------ Provided records

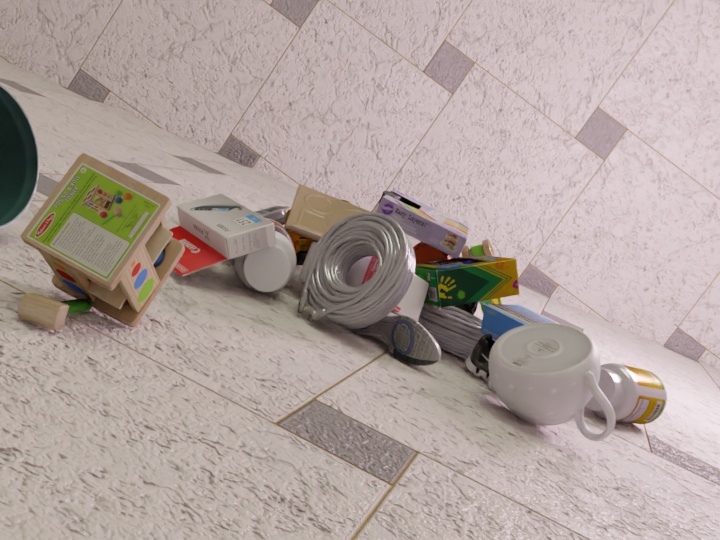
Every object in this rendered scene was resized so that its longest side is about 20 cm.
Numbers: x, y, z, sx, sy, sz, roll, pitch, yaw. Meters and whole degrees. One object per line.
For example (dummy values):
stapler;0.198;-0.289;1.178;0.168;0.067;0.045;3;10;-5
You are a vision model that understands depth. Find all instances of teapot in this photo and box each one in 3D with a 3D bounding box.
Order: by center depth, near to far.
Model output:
teapot;0.309;0.190;1.519;0.194;0.148;0.201;-5;24;8

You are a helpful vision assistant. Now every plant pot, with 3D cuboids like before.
plant pot;-0.551;-0.151;1.224;0.132;0.204;0.200;-3;-3;25

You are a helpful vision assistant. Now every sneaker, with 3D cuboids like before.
sneaker;0.068;0.108;1.604;0.199;0.075;0.087;30;6;36
sneaker;0.290;0.176;1.655;0.198;0.091;0.067;23;38;14

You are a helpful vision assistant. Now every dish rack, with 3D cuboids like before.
dish rack;-0.227;-0.085;1.812;0.169;0.044;0.200;-19;10;-12

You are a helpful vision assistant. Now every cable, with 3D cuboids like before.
cable;0.000;0.000;1.562;0.197;0.203;0.069;-5;-29;29
cable;0.190;0.120;1.854;0.198;0.070;0.199;16;10;-39

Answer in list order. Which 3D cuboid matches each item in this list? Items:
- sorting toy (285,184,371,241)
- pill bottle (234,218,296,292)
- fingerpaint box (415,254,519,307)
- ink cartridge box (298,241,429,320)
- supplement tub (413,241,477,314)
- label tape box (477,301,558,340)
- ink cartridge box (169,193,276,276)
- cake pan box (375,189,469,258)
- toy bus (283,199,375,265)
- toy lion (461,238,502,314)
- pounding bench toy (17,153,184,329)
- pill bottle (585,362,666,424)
sorting toy;-0.051;-0.089;1.795;0.183;0.037;0.201;21;28;-7
pill bottle;-0.170;-0.024;1.632;0.109;0.112;0.200;21;9;-12
fingerpaint box;0.190;0.016;1.777;0.164;0.075;0.200;-8;5;-16
ink cartridge box;0.006;0.022;1.703;0.198;0.086;0.145;11;-14;39
supplement tub;0.175;0.026;1.982;0.122;0.123;0.200;29;-16;37
label tape box;0.307;0.118;1.725;0.143;0.064;0.199;27;11;31
ink cartridge box;-0.264;-0.065;1.541;0.174;0.045;0.199;-20;29;-29
cake pan box;0.127;-0.101;1.884;0.198;0.053;0.184;27;11;5
toy bus;-0.046;-0.077;2.007;0.198;0.138;0.191;-2;-3;41
toy lion;0.279;0.047;1.992;0.068;0.194;0.200;-15;-26;13
pounding bench toy;-0.319;0.001;1.091;0.123;0.201;0.156;26;-23;9
pill bottle;0.515;0.243;1.812;0.199;0.112;0.111;15;12;-45

------------

Required work >> For the data above, state how many of its lines contain the word "this", giving no other text.

Result below >> 3